As it is not yet released, you will have to install from GitHub:

$ git clone https://github.com/SeismicData/SEIS-PROV.git
$ cd SEIS-PROV/validator
$ pip install -v -e .

You can test your installation with

$ python -m seis_prov_validate.test_validator
................................................................
................................................................
...........................................................
================== 542 passed in 0.91 seconds ==================

Command Line Usage

The module will install a single command: seis-prov-validate.

$ seis-prov-validate prov.xml
VALID SEIS-PROV FILE!

Any other output mean your file is not valid. The error messages should hopefully give hints on how to fix it.

Library Usage

Usage as a library is also possible. The module exports a single relevant function: seis_prov_validate.validate()

>>> from seis_prov_validate import validate
>>> result = validate("./valid_files/waveform_trace_min.xml")
>>> result.is_valid
True
>>> result.warnings
[]
>>> result.errors
[]

>>> result = validate("./invalid_files/waveform_with_extra_attribute.xml")
>>> result.is_valid
False
>>> result.warnings
[]
>>> result.errors
["Record 'seis_prov:sp001_wf_c17dd1f' has an additional attribute in "
 "the SEIS-PROV namespace: 'something'. This is not allowed for this record type."]

Actions the Validator Performs

The following is a sequence of actions the official validator performs. A valid SEIS-PROV document must not fail any of these.

  1. Check if its a JSON or an XML file.
  2. Parse the document with the Python prov package. It can currently read PROV-JSON and PROV-XML serialized documents.
  3. Write the document as PROV-XML and validate against the PROV-XML XSD schema. This to a large parts assures the document is valid according to the W3C PROV specification.
  4. Make sure it has a SEIS-PROV namespace. Otherwise it is a valid W3C PROV document but does not contain anything from SEIS-PROV.
  5. For the root document and each bundle in the document, find each provenance record and assert the following things.
    1. If the record has an id or a prov:type in the SEIS-PROV namespace, it must be one of the four SEIS-PROV record types.
    2. If not, skip this record.
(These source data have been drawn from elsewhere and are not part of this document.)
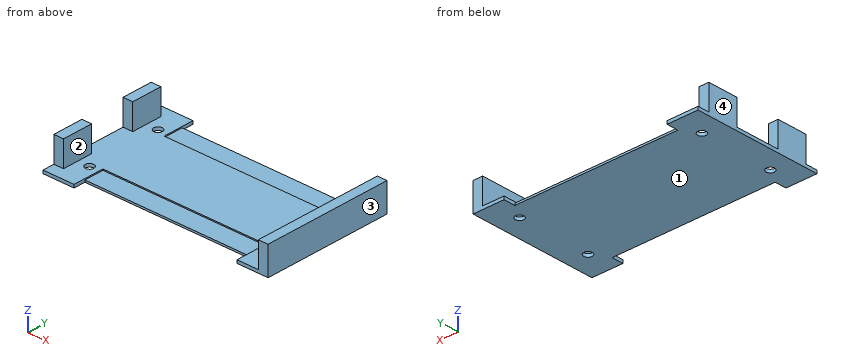
from build123d import *

# Parameters (mm, degrees)
SKETCH1_R           = 1.1
BOSS_EXTRUDE1_DEPTH = 0.8
SKETCH2_W           = 42
SKETCH2_H           = 27
BOSS_EXTRUDE2_DEPTH = 0.5
SKETCH3_W           = 2.5
SKETCH3_H           = 33
SKETCH3_H_2         = 7.8
BOSS_EXTRUDE3_DEPTH = 6.5


with BuildPart() as part:
    # Sketch1 → Boss-Extrude1 (new body)
    with BuildSketch(Plane.XY.offset(-2.3)):
        Polygon((52, -5), (55, -5), (55, 28), (52, 28), (47, 28), (47, 20), (5, 20), (5, 28), (0, 28), (-3, 28), (-3, -5), (0, -5), (5, -5), (5, 3), (47, 3), (47, -5), align=None)
        with Locations((49.5, 2)):
            Circle(SKETCH1_R, mode=Mode.SUBTRACT)
        with Locations((49.5, 21)):
            Circle(SKETCH1_R, mode=Mode.SUBTRACT)
        with Locations((2.5, 2)):
            Circle(SKETCH1_R, mode=Mode.SUBTRACT)
        with Locations((2.5, 21)):
            Circle(SKETCH1_R, mode=Mode.SUBTRACT)
    extrude(amount=BOSS_EXTRUDE1_DEPTH)

    # Sketch2 → Boss-Extrude2 (add)
    with BuildSketch(Plane.XY.offset(-2.3)):
        with Locations((26, 11.5)):
            Rectangle(SKETCH2_W, SKETCH2_H)
    extrude(amount=BOSS_EXTRUDE2_DEPTH)

    # Sketch3 → Boss-Extrude3 (add)
    with BuildSketch(Plane.XY.offset(-1.5)):
        with Locations((53.75, 11.5)):
            Rectangle(SKETCH3_W, SKETCH3_H)
        with Locations((-1.75, 1.9)):
            Rectangle(SKETCH3_W, SKETCH3_H_2)
        with Locations((-1.75, 21.1)):
            Rectangle(SKETCH3_W, SKETCH3_H_2)
    extrude(amount=BOSS_EXTRUDE3_DEPTH)


solid = part.part
Input: part model. Units: mm. Frame: model coordinates. Face numbers are marked on the shaded views. Coordinates: 2 decimals unless noted, no trailing zeros. Write each loop counter-clockwise with the first axis right and the second up, starting at its lowest first coordinate (ties: lowest second). Pieces come first, ordered by that corner, then holes. Notation, with made-up numbers: M 9.5,12.25 L 33.5,12.25 A23 cw 33.5,43.25 Z; hole C -7,55.5 d8. An arc over 180 degrees is marked long. Answer as a JSON object with one key per item and string values. Group by question number.
(1) Mould query, pull axis X, two halves, no side actions, for the marked faces 1, 2, 3 and 4. Classes: pulls with the +X half, pulls with the -X half, needs draft (parallel to the pull), parting line crosses it, or undercut.
(2) Section A-A on z = 2.75. Output: boundary loops of the cut face in (x, y), plus the area to 4 significant figures.
(3) Section D-D on x = 40.5. Output: boundary loops of the cut face in (y, z).
(4) Contact query for flat-ended pins moving along their axis: P1, Ø3, axis at x = -2, z = 0.5, coming from the +Y side; P2, Ø5.5, axis at x = 35.5, y = 0, coming from the +Z side; P3, Ø6, axis at x = 16, y = 1.5, coming from the +Z side; P4, Ø3.5, axis at x = 2.5, y = 21, coming from the -Z side. Output: stop coordinate, or through.
(5) Section C-C on y = 2. Output: boundary loops of the cut face in (x, z), plus the area to 3 significant figures.
(6) Section B-B on x = 49.5. Output: boundary loops of the cut face in (y, z), plus the area to 3 significant figures.
(7) Ray query, line 1 along Y through (x, z) = (49.5, -1.8); line 2 along X through (y, z) = (2, -1); line 3 along Y through (x, z) = (44, -2). Return the intervals inside material, ascending. Write a range as [from, to].
Result set:
{
 "1": {"face 1": "needs draft", "face 2": "undercut", "face 3": "pulls with the +X half", "face 4": "pulls with the -X half"},
 "2": {"outline": "M -3,-2 L -0.5,-2 L -0.5,5.8 L -3,5.8 Z; M -3,17.2 L -0.5,17.2 L -0.5,25 L -3,25 Z; M 52.5,-5 L 55,-5 L 55,28 L 52.5,28 Z", "area": "121.5 mm2"},
 "3": {"outline": "M -2,-2.3 L 25,-2.3 L 25,-1.8 L 20,-1.8 L 20,-1.5 L 3,-1.5 L 3,-1.8 L -2,-1.8 Z"},
 "4": {"P1": "stops at y = 25", "P2": "stops at z = -1.8", "P3": "stops at z = -1.5", "P4": "stops at z = -2.3"},
 "5": {"outline": "M -3,-2.3 L 1.4,-2.3 L 1.4,-1.5 L -0.5,-1.5 L -0.5,5 L -3,5 Z; M 3.6,-2.3 L 48.4,-2.3 L 48.4,-1.5 L 47,-1.5 L 47,-1.8 L 5,-1.8 L 5,-1.5 L 3.6,-1.5 Z; M 50.6,-2.3 L 55,-2.3 L 55,5 L 52.5,5 L 52.5,-1.5 L 50.6,-1.5 Z", "area": "62.8 mm2"},
 "6": {"outline": "M -5,-2.3 L 0.9,-2.3 L 0.9,-1.5 L -5,-1.5 Z; M 3.1,-2.3 L 19.9,-2.3 L 19.9,-1.5 L 3.1,-1.5 Z; M 22.1,-2.3 L 28,-2.3 L 28,-1.5 L 22.1,-1.5 Z", "area": "22.9 mm2"},
 "7": {"line 1": "y = [-5, 0.9], [3.1, 19.9], [22.1, 28]", "line 2": "x = [-3, -0.5], [52.5, 55]", "line 3": "y = [-2, 25]"}
}
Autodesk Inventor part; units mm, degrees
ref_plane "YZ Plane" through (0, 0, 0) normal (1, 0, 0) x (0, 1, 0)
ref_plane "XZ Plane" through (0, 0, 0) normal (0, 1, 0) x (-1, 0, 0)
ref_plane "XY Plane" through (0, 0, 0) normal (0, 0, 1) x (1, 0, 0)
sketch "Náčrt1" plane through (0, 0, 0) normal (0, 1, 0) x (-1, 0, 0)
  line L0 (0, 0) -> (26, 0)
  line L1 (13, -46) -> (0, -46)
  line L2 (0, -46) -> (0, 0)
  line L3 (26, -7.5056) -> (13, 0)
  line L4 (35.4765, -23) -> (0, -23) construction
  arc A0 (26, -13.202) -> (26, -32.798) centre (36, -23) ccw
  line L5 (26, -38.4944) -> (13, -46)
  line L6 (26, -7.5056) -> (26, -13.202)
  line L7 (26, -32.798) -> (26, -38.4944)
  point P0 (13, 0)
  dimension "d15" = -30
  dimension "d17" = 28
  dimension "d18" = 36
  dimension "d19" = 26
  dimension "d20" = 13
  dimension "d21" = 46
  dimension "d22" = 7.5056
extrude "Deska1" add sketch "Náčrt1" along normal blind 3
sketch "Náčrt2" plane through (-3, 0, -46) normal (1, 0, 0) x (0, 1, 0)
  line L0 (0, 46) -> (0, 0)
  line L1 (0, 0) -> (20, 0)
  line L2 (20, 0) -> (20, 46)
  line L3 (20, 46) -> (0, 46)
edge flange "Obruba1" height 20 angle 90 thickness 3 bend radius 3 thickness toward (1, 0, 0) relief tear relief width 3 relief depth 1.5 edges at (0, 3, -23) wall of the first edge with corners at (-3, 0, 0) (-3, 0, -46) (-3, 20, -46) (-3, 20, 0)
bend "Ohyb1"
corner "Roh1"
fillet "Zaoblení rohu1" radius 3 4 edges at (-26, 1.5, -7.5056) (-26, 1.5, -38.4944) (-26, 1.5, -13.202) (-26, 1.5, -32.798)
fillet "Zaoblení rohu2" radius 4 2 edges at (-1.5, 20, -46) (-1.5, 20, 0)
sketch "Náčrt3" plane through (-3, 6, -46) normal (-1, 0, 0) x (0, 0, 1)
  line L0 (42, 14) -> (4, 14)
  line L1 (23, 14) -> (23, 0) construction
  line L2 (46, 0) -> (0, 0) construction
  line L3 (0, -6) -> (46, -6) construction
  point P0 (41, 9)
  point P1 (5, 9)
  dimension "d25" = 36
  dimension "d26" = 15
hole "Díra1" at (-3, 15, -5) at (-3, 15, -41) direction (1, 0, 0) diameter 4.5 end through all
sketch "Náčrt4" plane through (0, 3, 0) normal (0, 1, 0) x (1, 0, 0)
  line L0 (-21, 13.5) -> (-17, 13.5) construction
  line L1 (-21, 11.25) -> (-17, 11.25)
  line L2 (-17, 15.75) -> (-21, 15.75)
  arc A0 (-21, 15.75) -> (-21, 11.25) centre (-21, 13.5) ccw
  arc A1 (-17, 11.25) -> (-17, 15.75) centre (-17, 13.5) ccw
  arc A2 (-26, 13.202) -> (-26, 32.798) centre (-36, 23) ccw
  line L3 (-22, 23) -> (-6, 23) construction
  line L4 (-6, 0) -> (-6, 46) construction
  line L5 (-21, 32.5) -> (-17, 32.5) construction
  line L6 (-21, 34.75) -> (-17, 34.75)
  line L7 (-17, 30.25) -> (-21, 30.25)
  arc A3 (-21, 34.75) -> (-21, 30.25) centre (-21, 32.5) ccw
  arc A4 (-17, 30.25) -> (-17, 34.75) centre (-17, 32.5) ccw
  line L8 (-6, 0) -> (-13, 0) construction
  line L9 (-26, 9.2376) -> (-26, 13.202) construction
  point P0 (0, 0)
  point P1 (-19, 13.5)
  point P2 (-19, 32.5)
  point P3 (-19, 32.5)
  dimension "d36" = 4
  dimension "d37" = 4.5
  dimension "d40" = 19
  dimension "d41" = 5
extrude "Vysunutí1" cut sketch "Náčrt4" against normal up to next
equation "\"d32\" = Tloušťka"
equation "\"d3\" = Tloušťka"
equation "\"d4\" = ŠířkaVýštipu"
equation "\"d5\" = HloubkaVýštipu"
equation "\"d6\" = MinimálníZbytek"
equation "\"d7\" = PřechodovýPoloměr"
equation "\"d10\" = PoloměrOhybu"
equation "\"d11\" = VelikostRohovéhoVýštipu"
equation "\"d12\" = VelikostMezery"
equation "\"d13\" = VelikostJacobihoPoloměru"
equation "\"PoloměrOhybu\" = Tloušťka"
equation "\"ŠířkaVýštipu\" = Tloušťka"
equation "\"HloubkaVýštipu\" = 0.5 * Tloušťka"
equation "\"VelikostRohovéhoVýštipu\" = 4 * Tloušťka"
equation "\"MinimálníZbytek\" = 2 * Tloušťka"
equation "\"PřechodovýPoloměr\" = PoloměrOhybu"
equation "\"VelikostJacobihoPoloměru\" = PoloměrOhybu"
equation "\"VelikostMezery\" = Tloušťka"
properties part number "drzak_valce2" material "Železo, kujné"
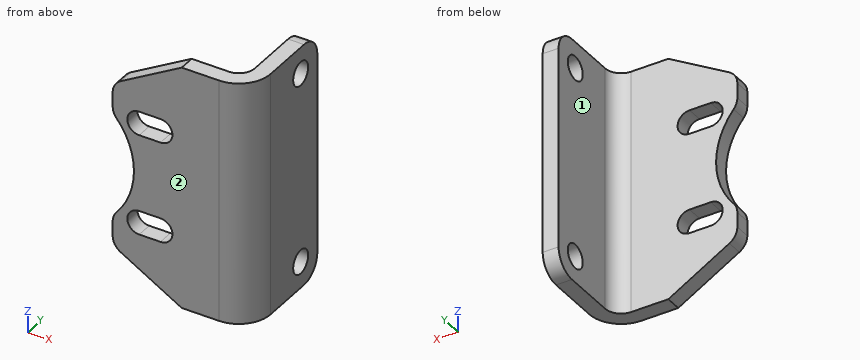
Work out the finished part from the listing and answer in its coordinate system (mm). Face numbers are marked on the shaded views. A direction names the side the tool comes from. Round coordinates to 2 decimals unless told otherwise and drop trailing zeros. Write each loop counter-clockwise with the first axis right and the second up, starting at its lowest first coordinate (ties: lowest second). Pieces come first, ordered by that corner, then holes. Notation, with made-up numbers: (33.25, -38.75) - (62.25, -38.75) arc R13 ccw to (62.25, -15.75) - close; hole circle Ø3 at (-32, 33). An arc over 180 degrees is marked (long way). Return JSON: item names as keys, results as strings. Group by question number.
Q1. The part is cut by section A-A on y = 15. Write down the section's boundary in (x, z).
Q2. For the marked faces 1 and 2, determine the directions among +Z, -Z, +X, -X, +Y, -Y from which every point of the face is accessible in a straight line to the end or side of a thin tool.
Q3. The part is cut by section B-B on z = -41. Write down the section's boundary in (x, y), then the cut area to 3 significant figures.
Q4. Each of these flat-tipped pins is pushed along its axis until it touches: pin 1 Ø0.9 at (x, y) = (-18.5, 1.5) entering from -Z; pin 2 Ø3.5 at (x, y) = (-18.5, 2) entering from +Z; pin 3 Ø10 at (y, z) = (17, -29) entering from +X; pin 4 Ø5 at (y, z) = (17, -39.5) entering from -X. Where does it stop, or does it pass through?
Q5. Find the intervals of material crossed by L1, parallel to Z at x = -1.3, y = 15; L2, parallel to X at y = 8, z = -32.5; L3, parallel to Y at x = -9.5, z = -17, in increasing order.
Q6. The part is cut by section D-D on z = -32.5. Write down the section's boundary in (x, y).
Q7. The part is cut by section C-C on x = -19.5. Write down the section's boundary in (y, z), then the cut area to 3 significant figures.
Solved:
{
 "1": {"outline": "(-3, -46) - (0, -46) - (0, -43.25) - (-3, -43.25) - close; (-3, -38.75) - (0, -38.75) - (0, -7.25) - (-3, -7.25) - close; (-3, -2.75) - (0, -2.75) - (0, 0) - (-3, 0) - close"},
 "2": {"face 1": "+Z, -Z, -X, +Y", "face 2": "+Z, -Z, +X, -X, -Y"},
 "3": {"outline": "(-21.66, 0) - (-6, 0) arc R6 ccw to (0, 6) - (0, 12.75) - (-3, 12.75) - (-3, 6) arc R3 cw to (-6, 3) - (-21.66, 3) - close; (-3, 17.25) - (0, 17.25) - (0, 20) - (-3, 20) - close", "area": "96.7 mm²"},
 "4": {"pin 1": "z = -43.08", "pin 2": "z = -2.17", "pin 3": "x = 0", "pin 4": "x = -3"},
 "5": {"L1": "-46 to -43.25, -38.75 to -7.25, -2.75 to 0", "L2": "-3 to 0", "L3": "0 to 3"},
 "6": {"outline": "(-25.62, 0) - (-23.25, 0) - (-23.25, 3) - (-25.62, 3) - close; (-14.75, 0) - (-6, 0) arc R6 ccw to (0, 6) - (0, 20) - (-3, 20) - (-3, 6) arc R3 cw to (-6, 3) - (-14.75, 3) - close"},
 "7": {"outline": "(0, -42.25) - (3, -42.25) - (3, -34.75) - (0, -34.75) - close; (0, -30.25) - (3, -30.25) - (3, -15.75) - (0, -15.75) - close; (0, -11.25) - (3, -11.25) - (3, -3.75) - (0, -3.75) - close", "area": "88.5 mm²"}
}

It is not part of SEIS-PROV but still valid W3C PROV as we already validated against the W3C PROV schema.
    3. Make sure the record has exactly one prov:type attribute.
    4. Make sure the given SEIS-PROV type is valid and exists.
    5. Validate each SEIS-PROV id against the regular expression.
    6. Make sure the prov:label is correct.
    7. Validate the attributes against the definitions in the JSON schema.